INPUT RECORDS.

=== Begin Enclosure ===

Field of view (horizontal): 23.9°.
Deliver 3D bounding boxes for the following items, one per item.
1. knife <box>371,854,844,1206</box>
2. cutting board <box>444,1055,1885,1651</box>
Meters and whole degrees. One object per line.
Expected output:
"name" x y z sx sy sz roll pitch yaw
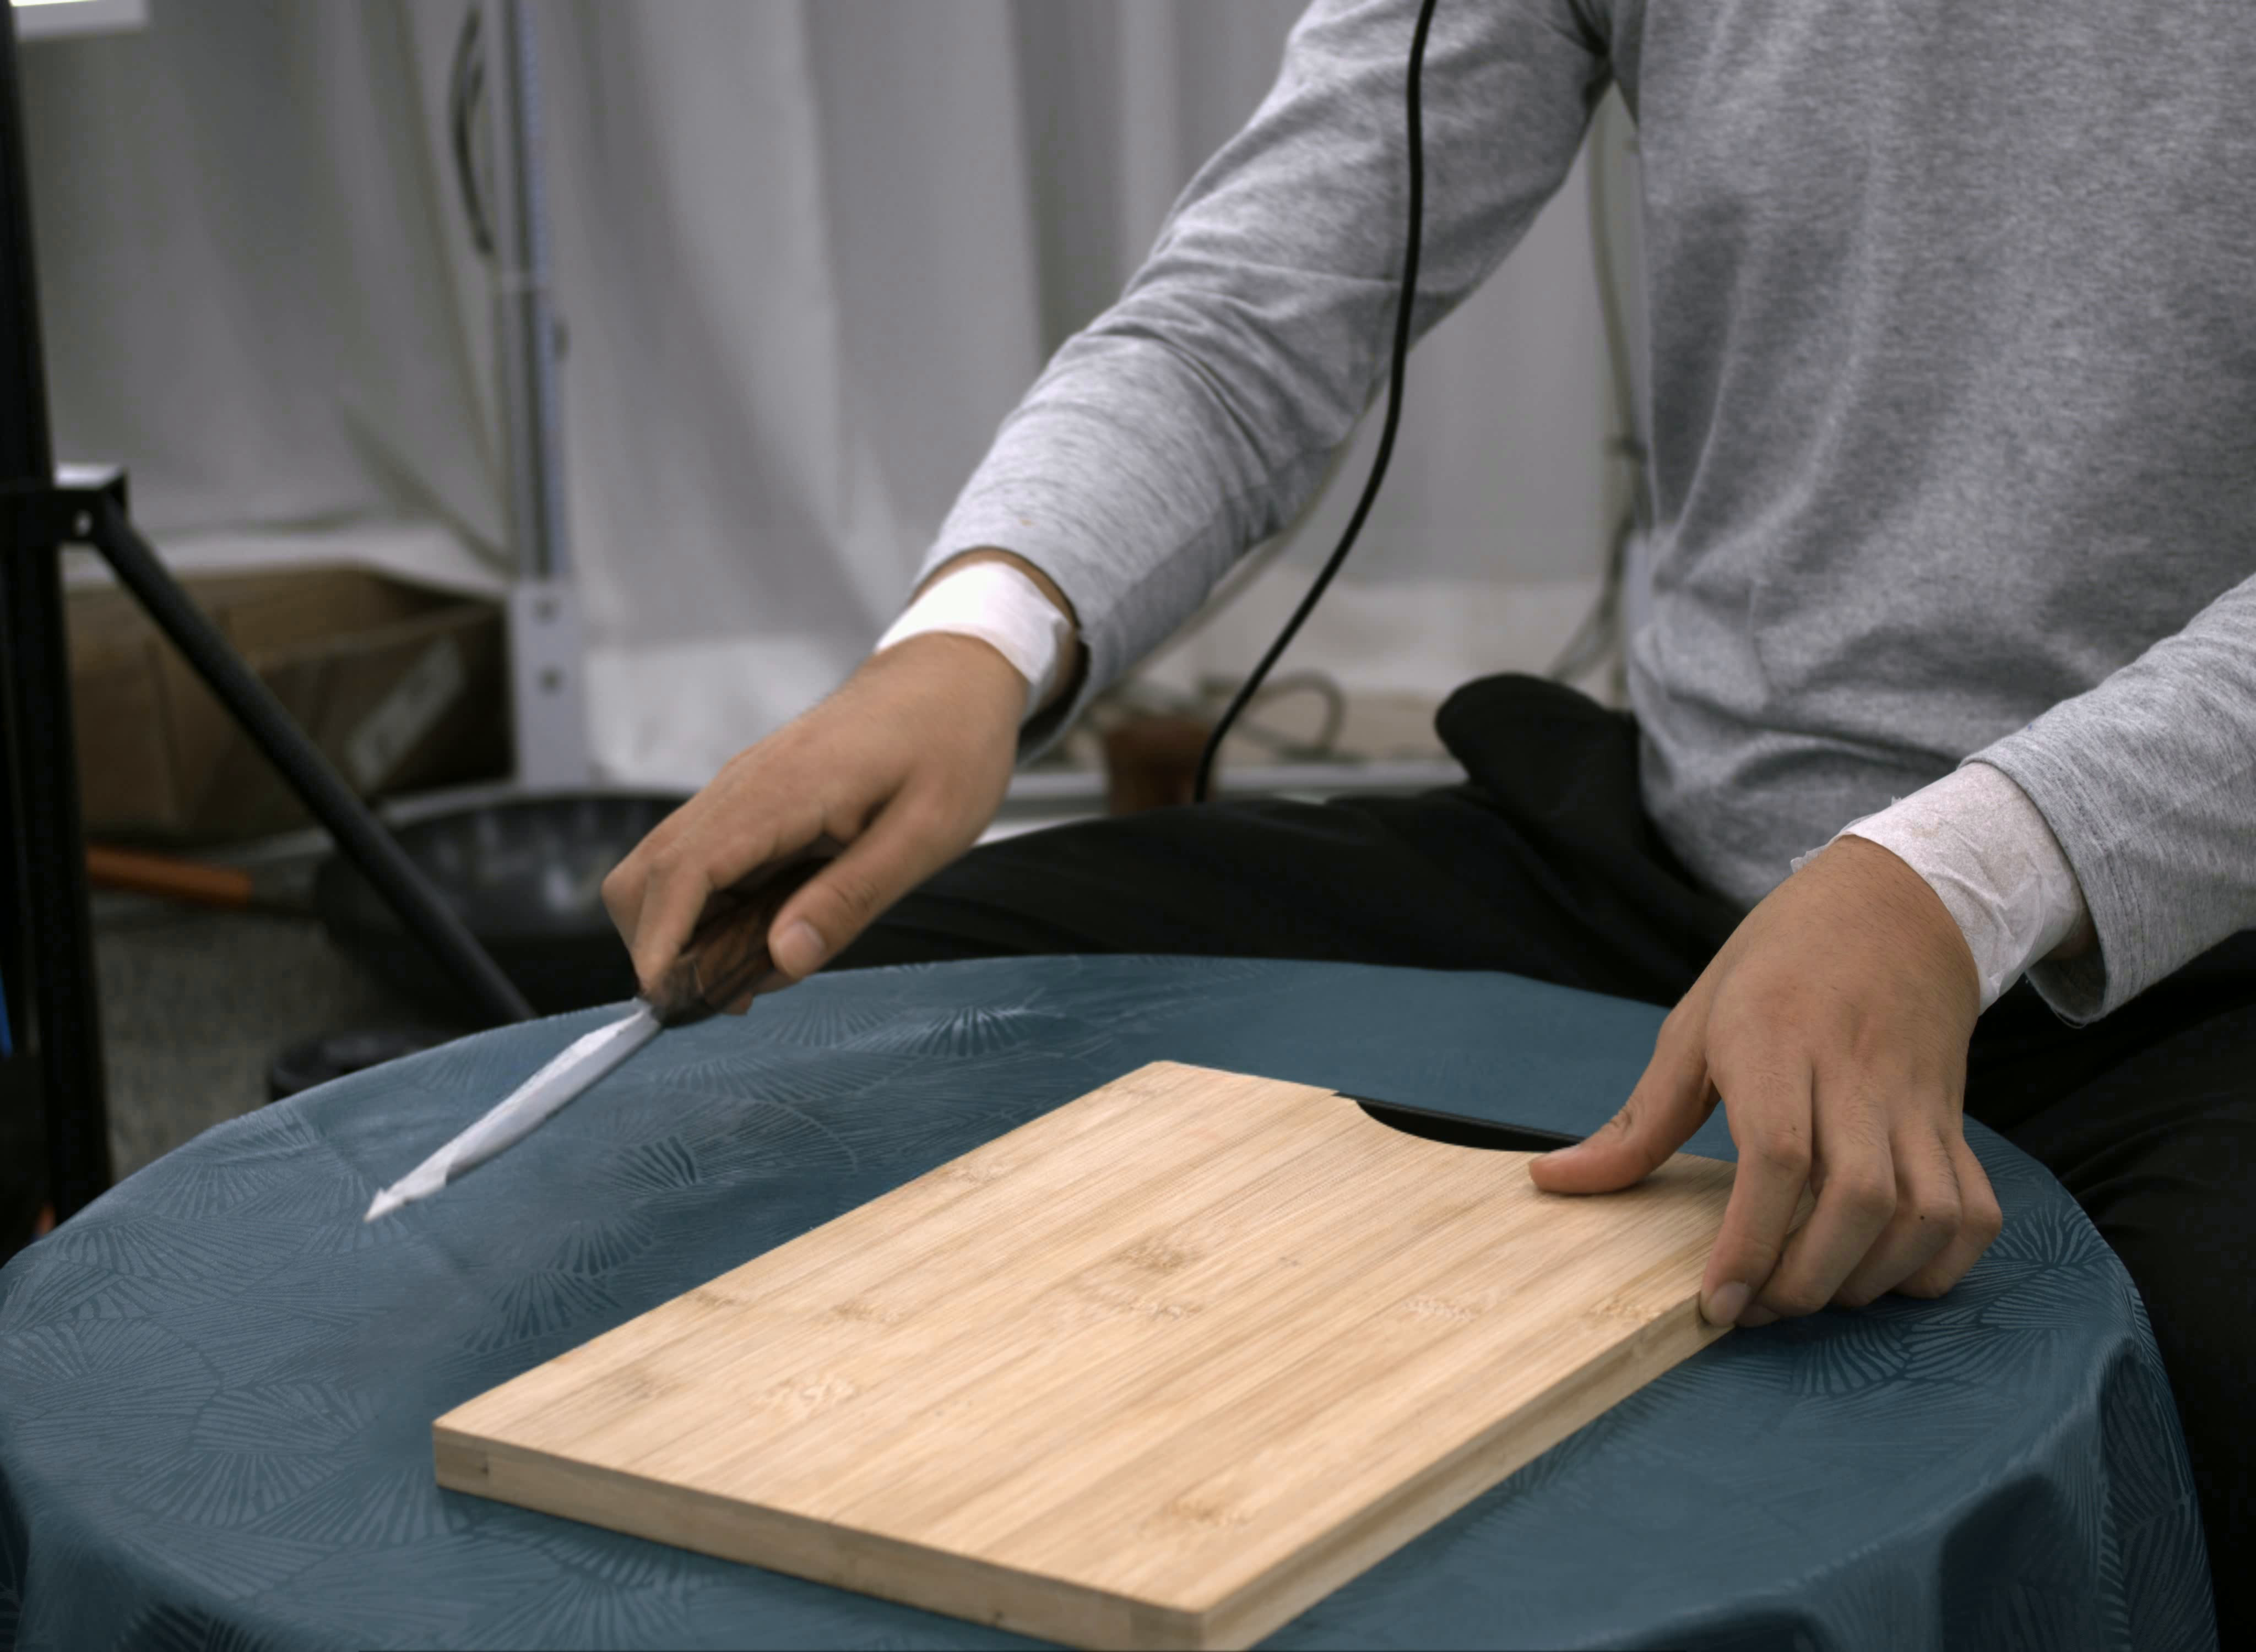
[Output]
"knife" -0.146 0.058 1.538 0.051 0.020 0.285 -26 6 27
"cutting board" 0.017 0.136 1.433 0.256 0.023 0.342 9 19 34

=== End Enclosure ===

THE PROBLEM. Transcribe every entry word for word, excluding images.

REPLY TO THE EXERCISE.
Field of view (horizontal): 23.9°.
Deliver 3D bounding boxes for the following items, one per item.
1. knife <box>371,854,844,1206</box>
2. cutting board <box>444,1055,1885,1651</box>
Meters and whole degrees. One object per line.
Expected output:
"name" x y z sx sy sz roll pitch yaw
[Output]
"knife" -0.146 0.058 1.538 0.051 0.020 0.285 -26 6 27
"cutting board" 0.017 0.136 1.433 0.256 0.023 0.342 9 19 34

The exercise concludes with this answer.